> [ASSIGNED TASK]: Scan the records below, and wherever a line has the word "ezdxf", pull it out.
===============
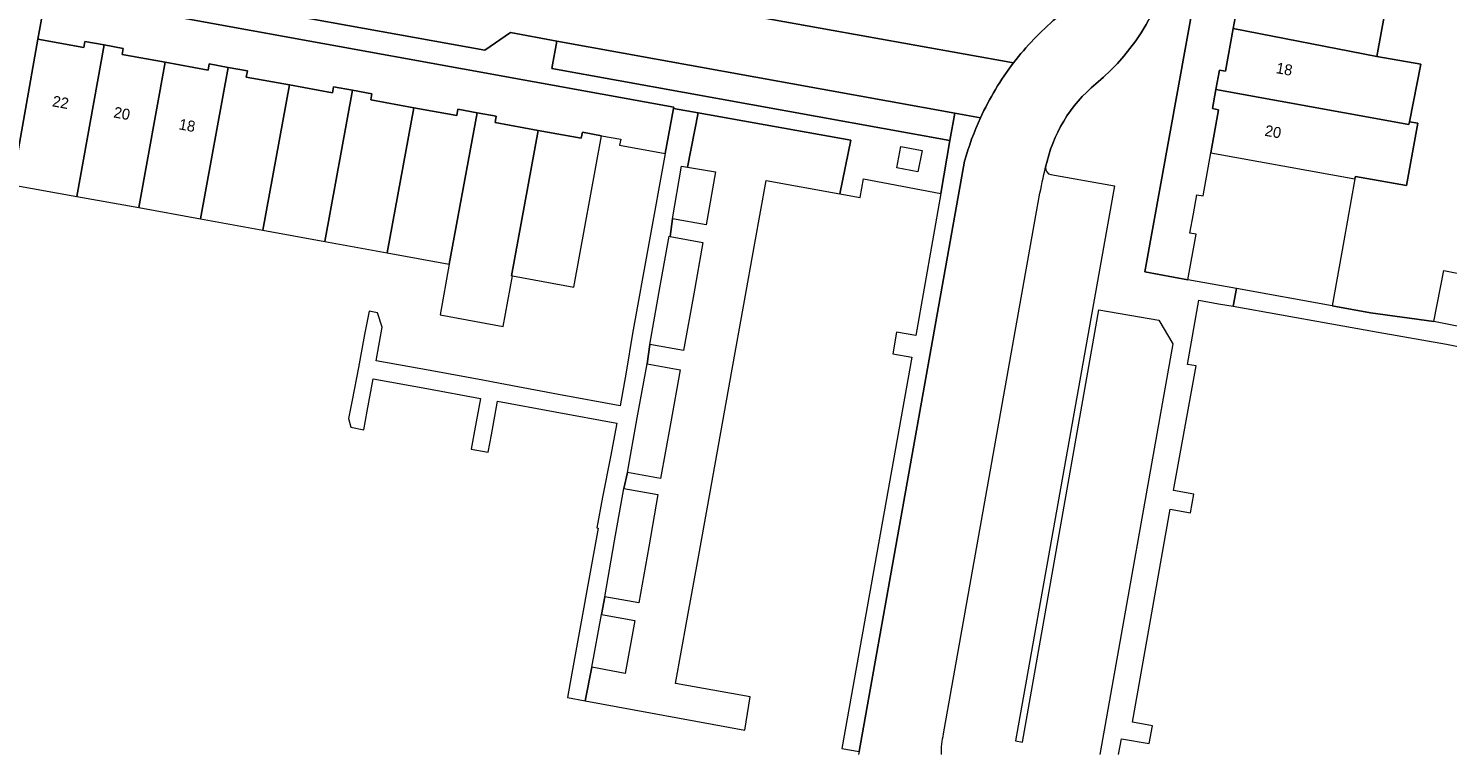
# Model space of a CAD drawing. Header units: metres. Extents: x 151448 to 154749, y 463108 to 465296.
# Tile 198 of 256: x 153687 to 153785, y 463112 to 463162. Entities that reach past the tile are written whole.
import ezdxf
from ezdxf.enums import TextEntityAlignment as Align

# ---------------------------------------------------------------- set-up
doc = ezdxf.new("R2010")
doc.units = ezdxf.units.M
for name, color, linetype, lineweight in [('B-PV-OG-BEBOUWING-GV', 1, 'Continuous', 9), ('B-PV-OG-BEBOUWING-T18', 2, 'Continuous', 9), ('B-PV-OG-TERREIN_ERF-GV', 253, 'Continuous', 9), ('B-PV-VH-OPENVERHARDING_BETONSTRAATSTEEN-GV', 253, 'Continuous', 9), ('B-PV-VH-OPENVERHARDING_STRAATBAKSTEEN-GV', 253, 'Continuous', 9), ('B-PV-VH-OPENVERHARDING_TEGEL-GV', 253, 'Continuous', 9)]:
    doc.layers.add(name, color=color, linetype=linetype, lineweight=lineweight)
doc.styles.add('Drong', font='txt', dxfattribs={"height": 1.8})

msp = doc.modelspace()

# ---------------------------------------------------------------- linework, layer by layer
at = {"layer": 'B-PV-OG-BEBOUWING-GV', "flags": 128}
for points in [[(153779.906, 463159.833), (153780.695, 463164.223), (153770.4, 463166.088), (153770.16, 463164.77), (153770.578, 463164.695), (153770.045, 463161.751)], [(153782.134, 463155.346), (153782.919, 463159.307), (153779.906, 463159.833), (153770.045, 463161.751), (153769.512, 463158.807), (153769.087, 463158.884), (153768.85, 463157.563), (153782.097, 463155.158)], [(153692.521, 463160.619), (153691.206, 463160.856), (153691.13, 463160.443), (153687.986, 463161.017), (153686.203, 463151.01), (153690.653, 463150.212)], [(153690.653, 463150.212), (153694.919, 463149.446), (153696.709, 463159.425), (153693.759, 463159.963), (153693.835, 463160.382), (153692.521, 463160.619)], [(153694.919, 463149.446), (153699.151, 463148.672), (153701.052, 463159.075), (153699.738, 463159.318), (153699.659, 463158.887), (153696.709, 463159.425)], [(153701.052, 463159.075), (153699.151, 463148.672), (153703.42, 463147.892), (153705.242, 463157.868), (153702.288, 463158.407), (153702.365, 463158.833)], [(153707.687, 463147.113), (153709.587, 463157.507), (153708.272, 463157.743), (153708.196, 463157.329), (153705.242, 463157.868), (153703.42, 463147.892)], [(153709.587, 463157.507), (153707.687, 463147.113), (153711.956, 463146.333), (153713.779, 463156.31), (153710.825, 463156.849), (153710.902, 463157.27)], [(153778.425, 463151.584), (153781.94, 463150.977), (153782.715, 463155.246), (153782.134, 463155.346), (153782.097, 463155.158), (153768.85, 463157.563), (153768.614, 463156.243), (153769.035, 463156.166), (153768.5, 463153.212), (153778.396, 463151.42)], [(153711.956, 463146.333), (153716.224, 463145.553), (153718.126, 463155.965), (153716.812, 463156.208), (153716.733, 463155.771), (153713.779, 463156.31)], [(153720.553, 463144.761), (153720.501, 463144.771), (153722.323, 463154.751), (153719.361, 463155.291), (153719.44, 463155.723), (153718.126, 463155.965), (153716.224, 463145.553), (153715.589, 463142.078), (153719.917, 463141.282)], [(153722.323, 463154.751), (153720.501, 463144.771), (153720.553, 463144.761), (153724.776, 463143.99), (153726.675, 463154.388), (153725.361, 463154.631), (153725.284, 463154.21)]]:
    msp.add_lwpolyline(points, close=True, dxfattribs=at)
at = {"layer": 'B-PV-OG-TERREIN_ERF-GV', "flags": 128}
for points in [[(153770.216, 463179.568), (153763.963, 463145.029), (153766.922, 463144.494), (153767.489, 463147.625), (153767.069, 463147.701), (153767.309, 463149.017), (153767.549, 463150.333), (153767.965, 463150.257), (153768.5, 463153.212), (153769.035, 463156.166), (153768.614, 463156.243), (153768.85, 463157.563), (153769.087, 463158.884), (153769.512, 463158.807), (153770.045, 463161.751), (153770.578, 463164.695)], [(153790.701, 463175.836), (153783.003, 463177.254), (153782.241, 463172.941), (153782.417, 463172.921), (153784.606, 463172.569), (153783.74, 463168.218), (153784.118, 463168.11), (153783.28, 463163.705), (153780.82, 463164.192), (153780.695, 463164.223), (153779.906, 463159.833), (153782.919, 463159.307), (153782.134, 463155.346), (153782.715, 463155.246), (153781.94, 463150.977), (153778.425, 463151.584), (153778.396, 463151.42), (153777.627, 463147.177), (153776.829, 463142.701), (153779.47, 463142.227), (153783.798, 463141.629), (153784.501, 463145.139), (153786.922, 463144.653)], [(153688.431, 463163.514), (153687.986, 463161.017), (153691.13, 463160.443), (153691.206, 463160.856), (153692.521, 463160.619), (153693.835, 463160.382), (153693.759, 463159.963), (153696.709, 463159.425), (153699.659, 463158.887), (153699.738, 463159.318), (153701.052, 463159.075), (153702.365, 463158.833), (153702.288, 463158.407), (153705.242, 463157.868), (153708.196, 463157.329), (153708.272, 463157.743), (153709.587, 463157.507), (153710.902, 463157.27), (153710.825, 463156.849), (153713.779, 463156.31), (153716.733, 463155.771), (153716.812, 463156.208), (153718.126, 463155.965), (153719.44, 463155.723), (153719.361, 463155.291), (153722.323, 463154.751), (153725.284, 463154.21), (153725.361, 463154.631), (153726.675, 463154.388), (153727.988, 463154.146), (153727.913, 463153.731), (153731.047, 463153.159), (153731.613, 463156.261), (153731.63, 463156.356), (153693.028, 463163.349)]]:
    msp.add_lwpolyline(points, dxfattribs=at)
msp.add_lwpolyline([(153729.987, 463140.056), (153729.801, 463138.716), (153732.068, 463138.304), (153731.396, 463134.601), (153730.713, 463130.839), (153728.447, 463131.25), (153728.197, 463130.161), (153730.548, 463129.749), (153729.917, 463126.159), (153729.242, 463122.313), (153726.891, 463122.725), (153726.671, 463121.51), (153728.967, 463121.089), (153728.298, 463117.457), (153726, 463117.88), (153725.55, 463115.582), (153736.508, 463113.565), (153736.876, 463115.841), (153731.754, 463116.764), (153732.53, 463121.07), (153733.343, 463125.58), (153734.078, 463129.663), (153734.86, 463134.003), (153735.646, 463138.362), (153736.444, 463142.794), (153737.204, 463147.01), (153737.977, 463151.3), (153743.035, 463150.389), (153743.786, 463154.089), (153733.301, 463155.96), (153732.582, 463152.23), (153734.486, 463151.895), (153733.848, 463148.274), (153731.538, 463148.681), (153731.382, 463147.467), (153733.637, 463147.063), (153733.003, 463143.529), (153732.306, 463139.641)], close=True, dxfattribs=at)
at = {"layer": 'B-PV-VH-OPENVERHARDING_BETONSTRAATSTEEN-GV', "flags": 128}
for points in [[(153670.58, 463179.183), (153669.267, 463179.425), (153669.024, 463178.12), (153661.808, 463179.466), (153662.045, 463180.758), (153660.732, 463181), (153659.419, 463181.242), (153659.203, 463180.065), (153656.069, 463180.656), (153654.458, 463180.96), (153654.285, 463179.955), (153669.518, 463177.03), (153671.111, 463174.737), (153684.774, 463172.142), (153685.877, 463170.639), (153686.22, 463172.288), (153708.141, 463168.334), (153707.772, 463166.447), (153710.108, 463166.03), (153711.824, 463167.148), (153754.963, 463159.398)], [(153754.963, 463159.398), (153711.824, 463167.148), (153710.108, 463166.03), (153707.772, 463166.447), (153686.117, 463170.312), (153685.877, 463170.639), (153684.774, 463172.142), (153671.111, 463174.737), (153669.518, 463177.03), (153654.285, 463179.955), (153653.455, 463175.134), (153657.241, 463174.381)], [(153682.266, 463166.843), (153690.199, 463165.41), (153718.656, 463160.271), (153720.413, 463161.464), (153723.607, 463160.884), (153750.926, 463155.924), (153752.682, 463155.605)], [(153684.994, 463143.798), (153685.41, 463146.068), (153686.203, 463151.01), (153687.986, 463161.017), (153688.431, 463163.514), (153688.755, 463165.334)], [(153688.755, 463165.334), (153688.431, 463163.514), (153689.9, 463163.632), (153693.028, 463163.349), (153731.63, 463156.356), (153731.613, 463156.261), (153733.301, 463155.96), (153743.786, 463154.089), (153743.035, 463150.389), (153744.417, 463150.139)], [(153744.417, 463150.139), (153744.65, 463151.431), (153749.968, 463150.406), (153750.59, 463154.066), (153723.266, 463158.992), (153723.607, 463160.884), (153720.413, 463161.464), (153718.656, 463160.271), (153690.199, 463165.41)], [(153752.682, 463155.605), (153750.926, 463155.924), (153750.59, 463154.066), (153749.968, 463150.406), (153748.248, 463140.668), (153746.929, 463140.905), (153746.66, 463139.413)], [(153746.66, 463139.413), (153747.97, 463139.178), (153743.163, 463112.313), (153744.348, 463112.099), (153751.601, 463152.629)]]:
    msp.add_lwpolyline(points, dxfattribs=at)
at = {"layer": 'B-PV-VH-OPENVERHARDING_BETONSTRAATSTEEN-GV'}
for points in [[(153754.963, 463159.398, -0.053912), (153757.888, 463162.464)], [(153752.682, 463155.605, -0.056446), (153754.963, 463159.398)], [(153751.601, 463152.629, -0.040664), (153752.682, 463155.605)]]:
    msp.add_lwpolyline(points, format="xyb", dxfattribs=at)
at = {"layer": 'B-PV-VH-OPENVERHARDING_BETONSTRAATSTEEN-GV', "flags": 128}
msp.add_lwpolyline([(153746.946, 463152.172), (153747.228, 463153.641), (153748.677, 463153.364), (153748.396, 463151.895)], close=True, dxfattribs=at)
at = {"layer": 'B-PV-VH-OPENVERHARDING_STRAATBAKSTEEN-GV'}
for points in [[(153760.615, 463157.956, 0.179179), (153765.892, 463167.047)], [(153757.888, 463162.464, 0.053912), (153754.963, 463159.398)], [(153754.963, 463159.398, 0.056446), (153752.682, 463155.605)], [(153757.158, 463152.222, -0.170385), (153760.615, 463157.956)], [(153752.682, 463155.605, 0.040664), (153751.601, 463152.629)], [(153756.723, 463150.186, -0.015092), (153757.158, 463152.222)], [(153750.003, 463111.882, -0.06817), (153750.158, 463113.312)]]:
    msp.add_lwpolyline(points, format="xyb", dxfattribs=at)
at = {"layer": 'B-PV-VH-OPENVERHARDING_STRAATBAKSTEEN-GV', "flags": 128}
for points in [[(153751.601, 463152.629), (153744.348, 463112.099), (153744.309, 463111.882)], [(153750.158, 463113.312), (153750.226, 463113.697), (153756.723, 463150.186)]]:
    msp.add_lwpolyline(points, dxfattribs=at)
at = {"layer": 'B-PV-VH-OPENVERHARDING_TEGEL-GV', "flags": 128}
for points in [[(153762.17, 463111.882), (153762.361, 463112.97), (153764.269, 463112.636), (153764.487, 463113.867), (153763.12, 463114.109), (153765.708, 463128.734), (153767.095, 463128.489), (153767.327, 463129.775), (153765.944, 463130.026), (153767.492, 463138.571), (153766.902, 463138.675), (153767.683, 463143.09), (153769.037, 463142.849), (153770.037, 463142.67), (153770.255, 463143.891), (153766.922, 463144.494), (153763.963, 463145.029), (153770.216, 463179.568), (153770.423, 463180.708), (153772.998, 463195.026), (153773.738, 463199.138), (153776.963, 463216.998)], [(153757.525, 463151.712), (153761.882, 463150.933), (153755.102, 463112.83), (153755.565, 463112.747), (153760.805, 463142.424), (153764.935, 463141.729), (153765.894, 463140.101), (153760.888, 463111.882)]]:
    msp.add_lwpolyline(points, dxfattribs=at)
at = {"layer": 'B-PV-VH-OPENVERHARDING_TEGEL-GV'}
for points in [[(153765.892, 463167.047, -0.179179), (153760.615, 463157.956)], [(153760.615, 463157.956, 0.170385), (153757.158, 463152.222)], [(153757.158, 463152.222, 0.39619), (153757.525, 463151.712)]]:
    msp.add_lwpolyline(points, format="xyb", dxfattribs=at)
at = {"layer": 'B-PV-VH-OPENVERHARDING_TEGEL-GV', "flags": 128}
for points in [[(153750.59, 463154.066), (153750.926, 463155.924), (153723.607, 463160.884), (153723.266, 463158.992)], [(153729.987, 463140.056), (153730.674, 463143.939), (153731.327, 463147.477), (153731.382, 463147.467), (153731.538, 463148.681), (153732.16, 463152.304), (153732.582, 463152.23), (153733.301, 463155.96), (153731.613, 463156.261), (153731.047, 463153.159), (153728.791, 463140.796), (153728.375, 463138.147), (153727.943, 463135.828), (153723.708, 463136.624), (153719.721, 463137.374), (153718.533, 463137.605), (153714.905, 463138.263), (153711.2, 463138.934), (153711.62, 463141.235), (153711.297, 463142.229), (153710.714, 463142.34), (153710.409, 463140.738), (153709.978, 463138.478), (153709.547, 463136.213), (153709.311, 463134.972), (153709.463, 463134.359), (153710.355, 463134.195), (153710.588, 463135.467), (153710.995, 463137.695), (153714.687, 463137.017), (153718.357, 463136.344), (153717.95, 463134.12), (153717.719, 463132.857), (153718.891, 463132.642), (153719.115, 463133.853), (153719.541, 463136.151), (153723.491, 463135.427), (153727.727, 463134.65), (153727.297, 463132.333), (153726.738, 463129.561), (153726.34, 463127.457), (153726.446, 463127.438), (153724.635, 463117.472), (153724.332, 463115.805), (153725.55, 463115.582), (153726, 463117.88), (153726.671, 463121.51), (153726.891, 463122.725), (153727.565, 463126.561), (153728.197, 463130.161), (153728.447, 463131.25), (153729.128, 463135.004), (153729.801, 463138.716)], [(153787.741, 463154.707), (153786.605, 463154.871), (153786.421, 463154.014), (153788.773, 463153.522), (153787.974, 463149.701), (153787.23, 463146.141), (153786.922, 463144.653), (153786.219, 463141.144), (153783.798, 463141.629), (153779.47, 463142.227), (153776.829, 463142.701), (153770.255, 463143.891), (153770.037, 463142.67), (153779.981, 463140.9), (153784.686, 463140.068), (153787.095, 463139.599), (153790.114, 463154.2)]]:
    msp.add_lwpolyline(points, close=True, dxfattribs=at)

# ---------------------------------------------------------------- texts
at = {"layer": 'B-PV-OG-BEBOUWING-T18', "style": 'Drong'}
for s, rotation, p in [('18', 349.8, (153773.548, 463158.961)), ('22', 349.6, (153689.542, 463156.686)), ('20', 349.6, (153693.748, 463155.918)), ('18', 349.6, (153698.229, 463155.099)), ('20', 349.8, (153772.775, 463154.66))]:
    msp.add_text(s, height=0.75, rotation=rotation, dxfattribs=at).set_placement(p, align=Align.MIDDLE)

doc.saveas('drawing.dxf')
===============
> [EXERCISE RESULT]:
import ezdxf
from ezdxf.enums import TextEntityAlignment as Align
doc = ezdxf.new("R2010")
doc.units = ezdxf.units.M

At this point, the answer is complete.